In BMW's case, the human is never really "out of the loop" - something I suspect is important in human-machine collaboration. Again I'll quote Mindell's book, this time writing now about space travel:
Nearly fifty years ago, when Neil Armstrong landed the lunar module on the moon, he had both a HUD and an autoland. The HUD was an early, passive design—a series of angle markings etched into Armstrong’s window. The onboard computer read out a number on an LED-like display, and if Armstrong positioned his head correctly he could look through that angle marked on the window. Directly behind the indicated number, then, he saw the actual spot on the moon that the computer was flying him toward.
If he didn’t like the designated area because of rocks or craters, he could give a momentary jog to the joystick in his hand and “redesignate” the landing area fore, aft, or right or left, almost like moving a cursor with a mouse to tell the computer where to land. The computer would then recalculate the trajectory it would use to guide the landing, and give him a new number for where to look. Armstrong could redesignate the landing zone as many times as he liked in a human/machine collaboration that allowed the two to converge and agree on the ideal landing zone, whence the autoland would bring the craft safely down.
But Armstrong never used the autoland. On Apollo 11, he didn’t like the spot the computer had selected for him because there was a crater, and rocks were in the way. Rather than redesignate, a few hundred feet above the moon’s surface he turned off the automated feature and landed in a less automated mode...
The space shuttle, too, had an autoland system...On every single flight, the shuttle commanders turned off the automation well before landing and hand flew the vehicle to the ground.
I asked former shuttle commanders why they didn’t use the autoland even though they had trained for it in simulators and in simulated landings in the shuttle practice aircraft. They responded that if something had gone wrong and they needed to intervene manually, it would be too difficult and disruptive to “get into the loop” so near to the landing (also, the sensitive ground equipment required to guide the autoland was not available at all of the shuttle’s backup landing sites). Given that you’ve got only one chance to land a shuttle, you might as well hand fly it in.

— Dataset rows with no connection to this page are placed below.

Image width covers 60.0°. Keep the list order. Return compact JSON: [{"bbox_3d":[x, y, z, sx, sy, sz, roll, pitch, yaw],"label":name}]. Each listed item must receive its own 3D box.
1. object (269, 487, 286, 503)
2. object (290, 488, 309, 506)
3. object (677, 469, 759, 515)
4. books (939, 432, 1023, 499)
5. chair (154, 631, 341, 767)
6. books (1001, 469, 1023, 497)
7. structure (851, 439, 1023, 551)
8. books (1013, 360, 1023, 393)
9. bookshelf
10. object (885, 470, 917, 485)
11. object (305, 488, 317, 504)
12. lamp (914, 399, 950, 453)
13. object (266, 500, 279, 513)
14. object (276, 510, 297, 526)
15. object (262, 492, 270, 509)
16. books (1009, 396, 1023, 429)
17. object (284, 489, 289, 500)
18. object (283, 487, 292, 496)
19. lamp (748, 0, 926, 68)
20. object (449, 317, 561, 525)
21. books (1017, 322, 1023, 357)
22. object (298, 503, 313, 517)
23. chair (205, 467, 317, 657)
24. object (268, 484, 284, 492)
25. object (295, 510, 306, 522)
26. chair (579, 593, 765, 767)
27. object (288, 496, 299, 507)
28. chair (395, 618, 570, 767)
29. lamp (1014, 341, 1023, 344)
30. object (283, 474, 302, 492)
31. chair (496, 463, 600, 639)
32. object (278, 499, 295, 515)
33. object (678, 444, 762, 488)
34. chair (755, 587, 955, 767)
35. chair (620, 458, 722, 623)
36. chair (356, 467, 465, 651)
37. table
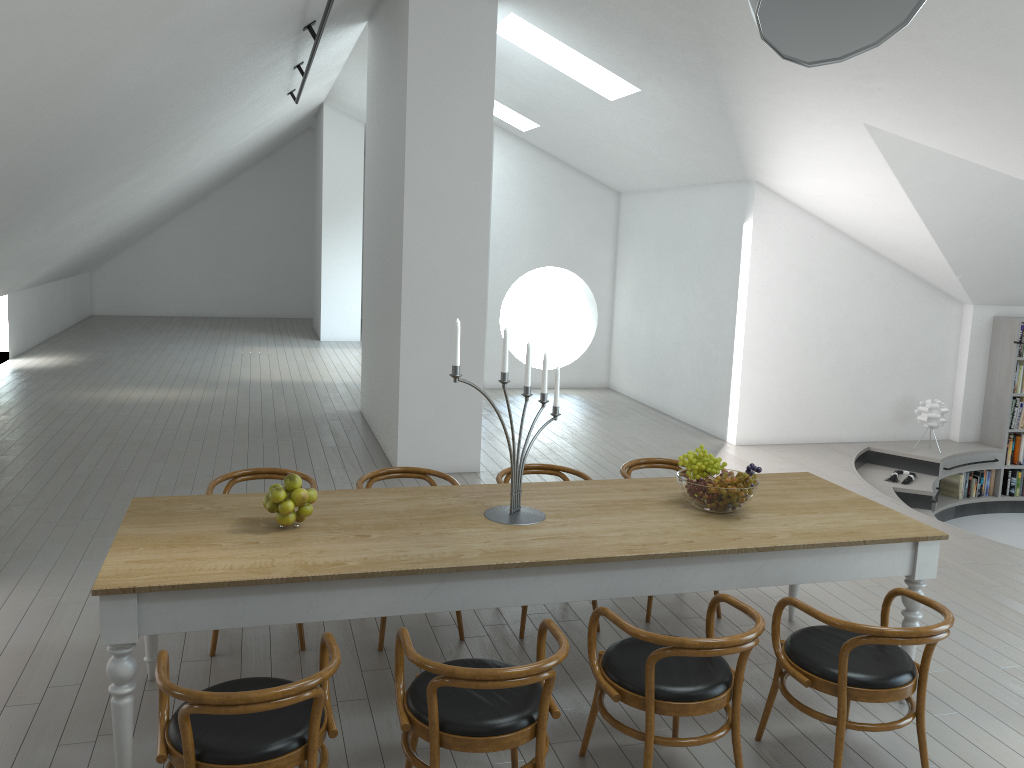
[{"bbox_3d":[-0.908,0.432,3.433,0.062,0.059,0.062,0,9,-16],"label":"object"},{"bbox_3d":[-0.831,0.444,3.473,0.066,0.071,0.072,10,12,42],"label":"object"},{"bbox_3d":[0.912,0.493,3.953,0.360,0.159,0.361,-4,11,-36],"label":"object"},{"bbox_3d":[5.342,0.839,9.411,1.640,0.693,0.392,1,8,-6],"label":"books"},{"bbox_3d":[-0.805,1.142,2.717,0.527,0.732,0.624,-1,9,-20],"label":"chair"},{"bbox_3d":[5.658,1.035,9.483,0.918,0.318,0.284,3,8,2],"label":"books"},{"bbox_3d":[5.312,1.332,7.479,4.716,0.690,4.722,8,11,28],"label":"structure"},{"bbox_3d":[5.670,-0.075,9.340,1.088,0.346,0.304,2,8,-1],"label":"books"},{"bbox_3d":[6.668,0.568,7.760,2.108,1.872,4.351,0,9,-16],"label":"bookshelf"},{"bbox_3d":[3.763,0.899,8.543,0.218,0.082,0.474,9,11,36],"label":"object"},{"bbox_3d":[-0.815,0.450,3.546,0.072,0.063,0.071,-1,9,-23],"label":"object"},{"bbox_3d":[4.264,0.417,9.028,0.305,0.523,0.307,-2,9,-27],"label":"lamp"},{"bbox_3d":[-0.931,0.476,3.455,0.053,0.053,0.051,-1,9,-25],"label":"object"},{"bbox_3d":[-0.887,0.520,3.482,0.080,0.073,0.078,7,10,28],"label":"object"},{"bbox_3d":[-0.947,0.465,3.507,0.076,0.076,0.077,10,11,40],"label":"object"},{"bbox_3d":[5.628,0.303,9.348,1.019,0.358,0.261,3,8,1],"label":"books"},{"bbox_3d":[-0.903,0.439,3.486,0.053,0.050,0.053,-6,12,-45],"label":"object"},{"bbox_3d":[-0.890,0.420,3.552,0.053,0.057,0.058,2,9,-2],"label":"object"},{"bbox_3d":[0.186,-0.291,0.560,0.112,0.175,0.169,-1,9,-24],"label":"lamp"},{"bbox_3d":[-0.023,0.138,3.680,0.776,0.871,0.266,-5,11,-42],"label":"object"},{"bbox_3d":[5.669,-0.456,9.275,1.032,0.360,0.302,2,8,0],"label":"books"},{"bbox_3d":[-0.814,0.496,3.496,0.059,0.055,0.060,-1,9,-21],"label":"object"},{"bbox_3d":[-1.237,0.847,4.386,0.527,0.732,0.624,0,9,-13],"label":"chair"},{"bbox_3d":[-0.947,0.433,3.561,0.063,0.063,0.062,9,11,36],"label":"object"},{"bbox_3d":[-0.846,0.527,3.537,0.051,0.050,0.050,1,9,-13],"label":"object"},{"bbox_3d":[0.575,1.126,3.170,0.527,0.732,0.624,-1,9,-19],"label":"chair"},{"bbox_3d":[-0.868,0.462,3.581,0.071,0.072,0.071,9,11,38],"label":"object"},{"bbox_3d":[-0.108,1.140,2.910,0.527,0.732,0.624,1,9,-13],"label":"chair"},{"bbox_3d":[5.296,-0.541,8.940,0.116,0.311,0.415,0,9,-19],"label":"lamp"},{"bbox_3d":[-0.866,0.390,3.498,0.072,0.074,0.073,0,9,-16],"label":"object"},{"bbox_3d":[0.179,0.854,4.710,0.527,0.732,0.624,0,9,-16],"label":"chair"},{"bbox_3d":[-0.875,0.477,3.437,0.062,0.059,0.062,1,9,-12],"label":"object"},{"bbox_3d":[0.921,0.427,3.973,0.394,0.283,0.293,9,11,37],"label":"object"},{"bbox_3d":[1.287,1.132,3.315,0.527,0.732,0.624,0,9,-16],"label":"chair"},{"bbox_3d":[0.866,0.843,4.952,0.527,0.732,0.624,1,9,-13],"label":"chair"},{"bbox_3d":[-0.524,0.855,4.522,0.527,0.732,0.624,-1,9,-21],"label":"chair"},{"bbox_3d":[0.100,0.957,3.848,3.348,0.796,1.023,0,9,-16],"label":"table"}]
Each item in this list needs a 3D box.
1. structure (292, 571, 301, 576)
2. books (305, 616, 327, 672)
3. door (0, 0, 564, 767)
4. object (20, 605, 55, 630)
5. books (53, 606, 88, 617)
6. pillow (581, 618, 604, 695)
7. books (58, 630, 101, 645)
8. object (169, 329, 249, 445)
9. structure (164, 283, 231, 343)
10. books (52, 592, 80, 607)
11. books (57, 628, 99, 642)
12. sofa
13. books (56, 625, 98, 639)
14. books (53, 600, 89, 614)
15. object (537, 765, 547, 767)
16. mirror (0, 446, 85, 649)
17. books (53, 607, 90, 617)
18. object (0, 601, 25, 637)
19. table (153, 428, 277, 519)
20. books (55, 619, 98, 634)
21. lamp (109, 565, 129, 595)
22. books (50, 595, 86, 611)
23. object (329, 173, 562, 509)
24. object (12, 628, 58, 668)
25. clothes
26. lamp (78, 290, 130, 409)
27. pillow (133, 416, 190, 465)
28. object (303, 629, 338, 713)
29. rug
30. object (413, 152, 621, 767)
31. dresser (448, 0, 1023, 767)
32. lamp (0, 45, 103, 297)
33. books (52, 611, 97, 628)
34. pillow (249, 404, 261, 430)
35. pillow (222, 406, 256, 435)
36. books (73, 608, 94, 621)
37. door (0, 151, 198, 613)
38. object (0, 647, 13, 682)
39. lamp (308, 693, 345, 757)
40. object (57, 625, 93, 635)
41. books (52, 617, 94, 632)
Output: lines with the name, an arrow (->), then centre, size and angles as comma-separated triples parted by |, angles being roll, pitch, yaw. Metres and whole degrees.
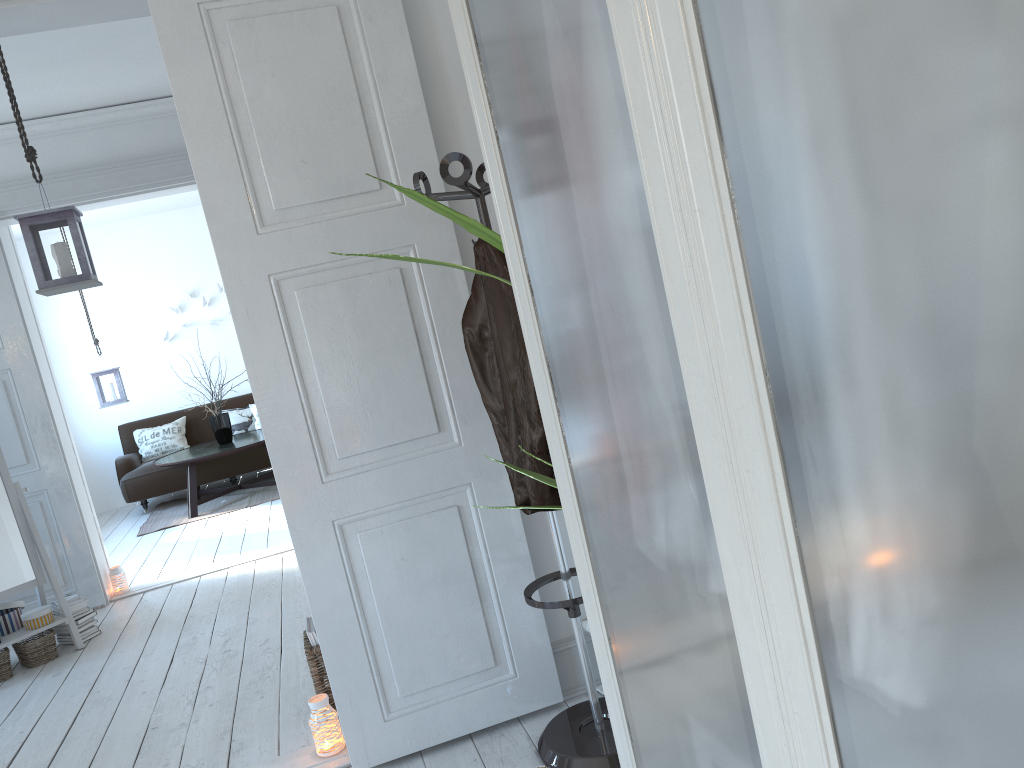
structure -> -0.895, -0.388, 5.152 | 0.801, 2.834, 1.243 | -8, 8, 32
books -> -0.600, 0.969, 3.171 | 0.201, 0.300, 0.179 | -15, 7, -13
door -> -1.384, 0.101, 2.509 | 2.596, 2.511, 0.577 | -14, 7, -13
object -> -2.402, 1.184, 4.493 | 0.142, 0.075, 0.142 | -17, 7, -29
books -> -2.338, 1.194, 4.692 | 0.128, 0.016, 0.181 | -19, 8, -42
pillow -> 0.405, 0.794, 2.736 | 0.317, 0.315, 0.272 | -14, 7, -12
books -> -2.300, 1.347, 4.717 | 0.179, 0.016, 0.128 | -10, 7, 25
object -> -2.575, -0.003, 7.923 | 0.843, 1.068, 0.526 | -19, 9, -42
structure -> -3.102, -0.771, 9.094 | 1.024, 0.479, 0.085 | -14, 7, -13
books -> -2.360, 1.138, 4.692 | 0.111, 0.014, 0.156 | -17, 7, -33
books -> -2.307, 1.331, 4.712 | 0.177, 0.016, 0.128 | -10, 7, 28
sofa -> -2.746, 0.568, 8.800 | 2.163, 0.826, 0.967 | -14, 7, -13
books -> -2.310, 1.316, 4.708 | 0.181, 0.016, 0.128 | -9, 7, 32
books -> -2.334, 1.171, 4.685 | 0.128, 0.026, 0.200 | -18, 8, -41
object -> 0.079, 1.021, 2.257 | 0.099, 0.126, 0.271 | -11, 7, 19
mirror -> -2.680, 0.708, 4.382 | 0.417, 1.492, 0.608 | -7, 9, 41
books -> -2.335, 1.209, 4.696 | 0.177, 0.016, 0.128 | -7, 8, 43
object -> -2.611, 1.185, 4.540 | 0.207, 0.159, 0.240 | -14, 7, -5
table -> -2.520, 0.777, 8.058 | 1.297, 0.504, 1.299 | -16, 7, -23
books -> -2.316, 1.288, 4.703 | 0.187, 0.017, 0.132 | -10, 7, 24
lamp -> -2.423, 1.206, 5.462 | 0.089, 0.166, 0.089 | -15, 7, -14
books -> -2.345, 1.152, 4.684 | 0.132, 0.017, 0.187 | -18, 8, -40
object -> 0.324, 0.308, 1.514 | 1.044, 1.557, 0.288 | -11, 7, 17
object -> -2.428, 1.341, 4.515 | 0.184, 0.140, 0.295 | -19, 9, -41
clothes -> 0.023, -0.016, 2.329 | 0.237, 0.772, 0.210 | -10, 8, 20
lamp -> -3.689, -0.668, 7.690 | 0.228, 1.766, 0.228 | -15, 7, -16
pillow -> -3.439, 0.561, 8.736 | 0.518, 0.368, 0.238 | -14, 7, -13
object -> -0.581, 0.998, 3.177 | 0.269, 0.265, 0.223 | -14, 7, -13
rug -> -2.475, 0.993, 8.111 | 1.708, 0.055, 1.454 | -14, 6, -12
object -> 0.076, 0.209, 2.431 | 0.374, 1.662, 0.374 | -14, 7, -6
dresser -> 0.506, 0.055, 0.452 | 0.630, 2.167, 1.430 | -15, 7, -13
lamp -> -2.057, -1.253, 3.631 | 0.228, 1.766, 0.228 | -15, 7, -16
books -> -2.321, 1.245, 4.696 | 0.193, 0.022, 0.128 | -11, 7, 19
pillow -> -2.373, 0.305, 8.869 | 0.470, 0.310, 0.188 | -14, 7, -12
pillow -> -2.665, 0.380, 8.878 | 0.472, 0.348, 0.158 | -15, 7, -15
books -> -2.328, 1.225, 4.701 | 0.179, 0.016, 0.128 | -9, 7, 30
door -> -2.126, -0.053, 5.424 | 2.596, 2.511, 0.577 | -14, 7, -13
object -> -2.577, 1.391, 4.370 | 0.184, 0.140, 0.295 | -19, 9, -41
lamp -> -0.592, 1.077, 2.803 | 0.092, 0.180, 0.093 | -17, 8, -30
object -> -2.324, 1.302, 4.715 | 0.157, 0.014, 0.110 | -9, 7, 30
books -> -2.329, 1.270, 4.703 | 0.167, 0.022, 0.128 | -11, 7, 21
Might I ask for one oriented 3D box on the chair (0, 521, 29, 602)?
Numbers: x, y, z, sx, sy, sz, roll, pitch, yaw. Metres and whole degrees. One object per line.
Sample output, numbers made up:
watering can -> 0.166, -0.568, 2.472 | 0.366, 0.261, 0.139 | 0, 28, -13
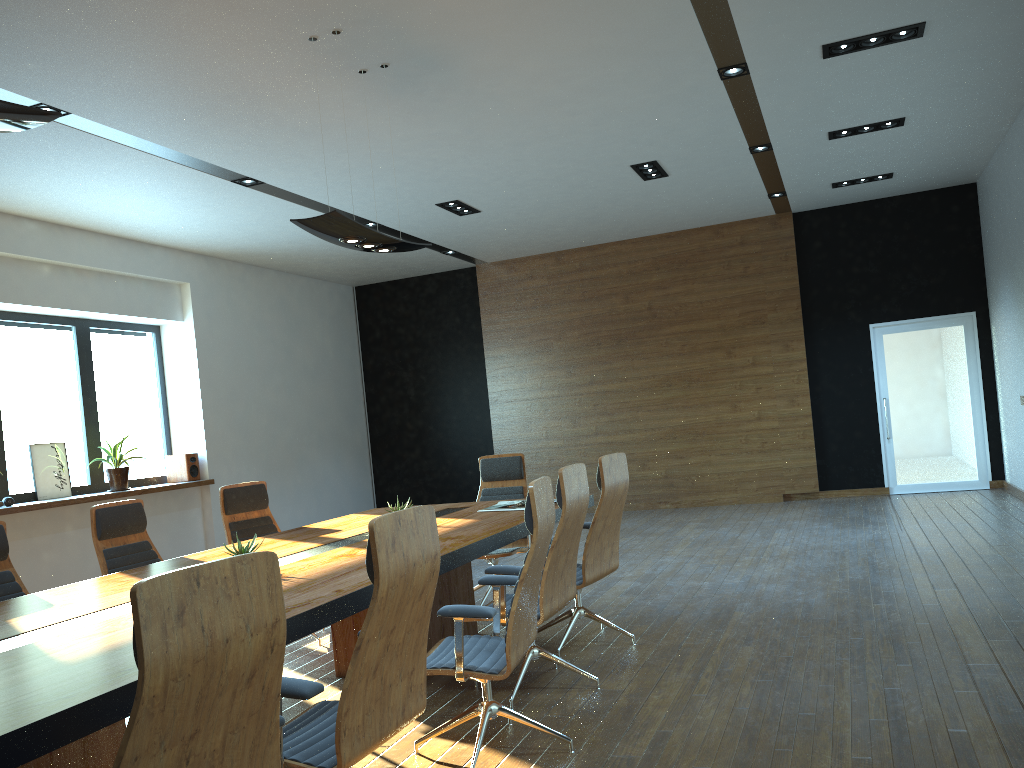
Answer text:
chair -> -2.355, 1.223, 4.262 | 0.697, 1.127, 0.705 | -6, -1, 23

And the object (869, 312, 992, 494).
object -> 5.194, 0.262, 11.027 | 1.199, 2.160, 0.200 | -6, 0, 21

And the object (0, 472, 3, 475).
object -> -4.708, 0.795, 7.677 | 0.516, 0.621, 0.472 | -6, -1, 26

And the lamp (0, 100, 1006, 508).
lamp -> 0.526, -0.114, 9.997 | 9.406, 3.707, 16.670 | -6, -3, 21

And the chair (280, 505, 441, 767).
chair -> -0.573, 0.987, 2.877 | 0.697, 1.127, 0.705 | -6, -1, 22

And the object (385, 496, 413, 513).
object -> -0.699, 0.786, 5.489 | 0.177, 0.188, 0.153 | -5, -1, -4

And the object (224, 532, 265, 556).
object -> -1.234, 0.775, 4.068 | 0.177, 0.188, 0.153 | -5, -1, -29

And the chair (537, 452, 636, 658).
chair -> 0.370, 1.005, 5.355 | 0.697, 1.127, 0.705 | -6, -1, 28

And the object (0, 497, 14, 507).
object -> -4.590, 1.065, 7.951 | 0.209, 0.089, 0.179 | -4, -2, -32

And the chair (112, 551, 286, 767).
chair -> -0.872, 0.980, 2.066 | 0.697, 1.127, 0.705 | -6, -1, 28

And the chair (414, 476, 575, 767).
chair -> -0.134, 0.980, 3.693 | 0.696, 1.127, 0.706 | -6, -1, 12

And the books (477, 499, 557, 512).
books -> 0.076, 0.802, 5.968 | 0.390, 0.033, 0.544 | -7, -3, 32

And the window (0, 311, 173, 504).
window -> -4.709, 0.224, 8.875 | 0.053, 1.860, 3.461 | -6, -2, 21

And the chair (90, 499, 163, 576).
chair -> -2.016, 1.231, 5.187 | 0.697, 1.127, 0.705 | -6, -1, 21

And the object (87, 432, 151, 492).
object -> -4.102, 0.804, 9.213 | 0.474, 0.621, 0.515 | -6, -1, 36

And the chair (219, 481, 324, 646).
chair -> -1.614, 1.234, 6.143 | 0.697, 1.127, 0.705 | -6, -1, 36

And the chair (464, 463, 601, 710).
chair -> 0.067, 0.998, 4.541 | 0.697, 1.127, 0.705 | -6, -1, 21

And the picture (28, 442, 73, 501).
picture -> -4.616, 0.871, 8.870 | 0.057, 0.561, 0.420 | -6, -1, 21

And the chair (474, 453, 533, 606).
chair -> -0.155, 1.120, 6.770 | 0.707, 1.127, 0.695 | -6, -1, 23

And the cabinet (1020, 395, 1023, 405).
cabinet -> 2.923, 0.631, 3.860 | 0.768, 1.232, 2.346 | -6, -2, 21

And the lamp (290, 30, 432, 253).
lamp -> -0.935, -1.437, 5.420 | 0.340, 1.199, 1.196 | -6, -1, 21

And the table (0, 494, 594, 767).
table -> -1.187, 1.261, 4.079 | 1.787, 0.797, 5.537 | -6, -3, 21

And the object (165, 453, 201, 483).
object -> -3.799, 0.970, 10.230 | 0.314, 0.321, 0.211 | -6, -1, 21

Like Kowalski, I genuinely want CAD software to become my "partner in exploration." Like him, I agree that the era of computer aided documentation is outdated. But whether our computers end up being creative or not, I want to communicate with them in a way that respects their abilities - and my own. And I don't think that "well stated problems" are it.
I'll close with a final thought from Mindell, this time from an interview he gave to EconTalk:
We have yet to build a system that has no human involvement. There's just human involvement displaced in space or displaced in time. Again, the coders who embed their world view and their assumptions into the machine, or any other kind of designer - every last little bracket or tire on a vehicle has the worldview of the humans who built it embedded into it. For any autonomous system, you can always find the wrapper of human activity...Otherwise the system isn't useful.
At nTopology, we know that Computer Aided Design will be an increasingly collaborative process. Our goal, then, is to integrate automation in the most useful ways possible - the ones that produce the most effective, efficient parts. I believe that keeping engineers fully in the loop is the way to do that - and am looking forward to making it happen.